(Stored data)
■ ■ ■ ■ ■

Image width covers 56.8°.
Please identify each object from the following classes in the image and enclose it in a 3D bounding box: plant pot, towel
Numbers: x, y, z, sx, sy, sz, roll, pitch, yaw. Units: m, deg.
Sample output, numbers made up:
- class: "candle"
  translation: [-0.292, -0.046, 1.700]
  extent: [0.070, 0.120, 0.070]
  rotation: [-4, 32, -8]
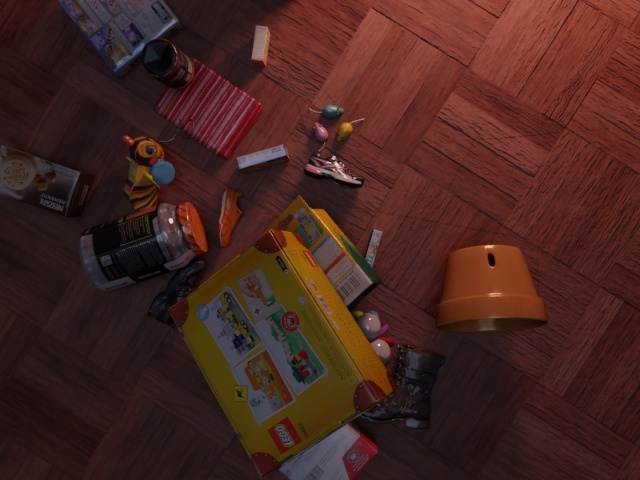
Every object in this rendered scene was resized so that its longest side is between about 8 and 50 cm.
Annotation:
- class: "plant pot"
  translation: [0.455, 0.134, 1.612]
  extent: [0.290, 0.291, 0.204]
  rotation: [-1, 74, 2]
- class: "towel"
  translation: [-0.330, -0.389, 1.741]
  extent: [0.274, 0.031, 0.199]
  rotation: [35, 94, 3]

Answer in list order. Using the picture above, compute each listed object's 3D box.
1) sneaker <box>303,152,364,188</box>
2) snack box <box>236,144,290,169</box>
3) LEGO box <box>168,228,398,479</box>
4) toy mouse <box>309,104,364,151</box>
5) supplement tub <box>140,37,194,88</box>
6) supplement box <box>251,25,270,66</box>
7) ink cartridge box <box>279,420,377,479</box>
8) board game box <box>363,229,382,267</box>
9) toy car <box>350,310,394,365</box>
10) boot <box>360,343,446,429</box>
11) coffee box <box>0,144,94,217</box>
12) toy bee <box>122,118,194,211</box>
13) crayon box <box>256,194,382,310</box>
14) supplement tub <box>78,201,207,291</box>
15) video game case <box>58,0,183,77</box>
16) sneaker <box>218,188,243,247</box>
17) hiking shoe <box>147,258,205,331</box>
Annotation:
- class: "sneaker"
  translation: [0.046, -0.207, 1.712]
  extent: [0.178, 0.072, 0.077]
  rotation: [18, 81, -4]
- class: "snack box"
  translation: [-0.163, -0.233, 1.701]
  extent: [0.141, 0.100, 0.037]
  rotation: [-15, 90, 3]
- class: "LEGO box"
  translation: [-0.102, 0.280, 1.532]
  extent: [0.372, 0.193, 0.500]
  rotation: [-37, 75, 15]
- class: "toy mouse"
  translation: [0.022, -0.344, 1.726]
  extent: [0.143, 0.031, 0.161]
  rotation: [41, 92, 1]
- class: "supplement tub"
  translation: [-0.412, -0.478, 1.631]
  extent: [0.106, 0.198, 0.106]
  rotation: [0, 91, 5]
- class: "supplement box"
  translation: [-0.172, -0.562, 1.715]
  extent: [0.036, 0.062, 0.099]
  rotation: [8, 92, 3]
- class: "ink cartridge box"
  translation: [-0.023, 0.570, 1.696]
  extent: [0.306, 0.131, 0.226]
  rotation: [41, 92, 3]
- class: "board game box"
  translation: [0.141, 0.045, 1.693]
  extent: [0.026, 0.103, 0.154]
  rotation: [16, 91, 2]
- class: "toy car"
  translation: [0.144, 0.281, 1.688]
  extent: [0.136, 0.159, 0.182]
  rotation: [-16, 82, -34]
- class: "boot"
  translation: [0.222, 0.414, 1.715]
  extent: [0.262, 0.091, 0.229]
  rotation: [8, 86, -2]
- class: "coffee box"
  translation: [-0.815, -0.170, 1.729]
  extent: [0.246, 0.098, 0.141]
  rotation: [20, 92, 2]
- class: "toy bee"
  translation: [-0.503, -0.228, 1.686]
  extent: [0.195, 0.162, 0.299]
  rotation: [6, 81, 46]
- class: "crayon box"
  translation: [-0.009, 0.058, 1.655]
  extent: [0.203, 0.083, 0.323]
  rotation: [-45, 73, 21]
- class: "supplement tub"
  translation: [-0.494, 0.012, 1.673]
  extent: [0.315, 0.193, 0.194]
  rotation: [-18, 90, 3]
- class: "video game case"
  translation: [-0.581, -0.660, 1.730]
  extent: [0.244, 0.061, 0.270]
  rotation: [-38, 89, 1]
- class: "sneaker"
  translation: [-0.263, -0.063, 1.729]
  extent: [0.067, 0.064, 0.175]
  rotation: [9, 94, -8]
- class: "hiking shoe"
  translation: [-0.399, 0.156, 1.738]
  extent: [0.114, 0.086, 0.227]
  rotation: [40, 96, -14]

■ ■ ■ ■ ■

Problem to solve: A word-for-word transcript of the entries above is needed, with pictures removed.

Answer below:
Image width covers 56.8°.
Please identify each object from the following classes in the image and enclose it in a 3D bounding box: plant pot, towel
Numbers: x, y, z, sx, sy, sz, roll, pitch, yaw. Units: m, deg.
Sample output, numbers made up:
- class: "candle"
  translation: [-0.292, -0.046, 1.700]
  extent: [0.070, 0.120, 0.070]
  rotation: [-4, 32, -8]
Every object in this rendered scene was resized so that its longest side is between about 8 and 50 cm.
Annotation:
- class: "plant pot"
  translation: [0.455, 0.134, 1.612]
  extent: [0.290, 0.291, 0.204]
  rotation: [-1, 74, 2]
- class: "towel"
  translation: [-0.330, -0.389, 1.741]
  extent: [0.274, 0.031, 0.199]
  rotation: [35, 94, 3]

Answer in list order. Using the picture above, compute each listed object's 3D box.
1) sneaker <box>303,152,364,188</box>
2) snack box <box>236,144,290,169</box>
3) LEGO box <box>168,228,398,479</box>
4) toy mouse <box>309,104,364,151</box>
5) supplement tub <box>140,37,194,88</box>
6) supplement box <box>251,25,270,66</box>
7) ink cartridge box <box>279,420,377,479</box>
8) board game box <box>363,229,382,267</box>
9) toy car <box>350,310,394,365</box>
10) boot <box>360,343,446,429</box>
11) coffee box <box>0,144,94,217</box>
12) toy bee <box>122,118,194,211</box>
13) crayon box <box>256,194,382,310</box>
14) supplement tub <box>78,201,207,291</box>
15) video game case <box>58,0,183,77</box>
16) sneaker <box>218,188,243,247</box>
17) hiking shoe <box>147,258,205,331</box>
Annotation:
- class: "sneaker"
  translation: [0.046, -0.207, 1.712]
  extent: [0.178, 0.072, 0.077]
  rotation: [18, 81, -4]
- class: "snack box"
  translation: [-0.163, -0.233, 1.701]
  extent: [0.141, 0.100, 0.037]
  rotation: [-15, 90, 3]
- class: "LEGO box"
  translation: [-0.102, 0.280, 1.532]
  extent: [0.372, 0.193, 0.500]
  rotation: [-37, 75, 15]
- class: "toy mouse"
  translation: [0.022, -0.344, 1.726]
  extent: [0.143, 0.031, 0.161]
  rotation: [41, 92, 1]
- class: "supplement tub"
  translation: [-0.412, -0.478, 1.631]
  extent: [0.106, 0.198, 0.106]
  rotation: [0, 91, 5]
- class: "supplement box"
  translation: [-0.172, -0.562, 1.715]
  extent: [0.036, 0.062, 0.099]
  rotation: [8, 92, 3]
- class: "ink cartridge box"
  translation: [-0.023, 0.570, 1.696]
  extent: [0.306, 0.131, 0.226]
  rotation: [41, 92, 3]
- class: "board game box"
  translation: [0.141, 0.045, 1.693]
  extent: [0.026, 0.103, 0.154]
  rotation: [16, 91, 2]
- class: "toy car"
  translation: [0.144, 0.281, 1.688]
  extent: [0.136, 0.159, 0.182]
  rotation: [-16, 82, -34]
- class: "boot"
  translation: [0.222, 0.414, 1.715]
  extent: [0.262, 0.091, 0.229]
  rotation: [8, 86, -2]
- class: "coffee box"
  translation: [-0.815, -0.170, 1.729]
  extent: [0.246, 0.098, 0.141]
  rotation: [20, 92, 2]
- class: "toy bee"
  translation: [-0.503, -0.228, 1.686]
  extent: [0.195, 0.162, 0.299]
  rotation: [6, 81, 46]
- class: "crayon box"
  translation: [-0.009, 0.058, 1.655]
  extent: [0.203, 0.083, 0.323]
  rotation: [-45, 73, 21]
- class: "supplement tub"
  translation: [-0.494, 0.012, 1.673]
  extent: [0.315, 0.193, 0.194]
  rotation: [-18, 90, 3]
- class: "video game case"
  translation: [-0.581, -0.660, 1.730]
  extent: [0.244, 0.061, 0.270]
  rotation: [-38, 89, 1]
- class: "sneaker"
  translation: [-0.263, -0.063, 1.729]
  extent: [0.067, 0.064, 0.175]
  rotation: [9, 94, -8]
- class: "hiking shoe"
  translation: [-0.399, 0.156, 1.738]
  extent: [0.114, 0.086, 0.227]
  rotation: [40, 96, -14]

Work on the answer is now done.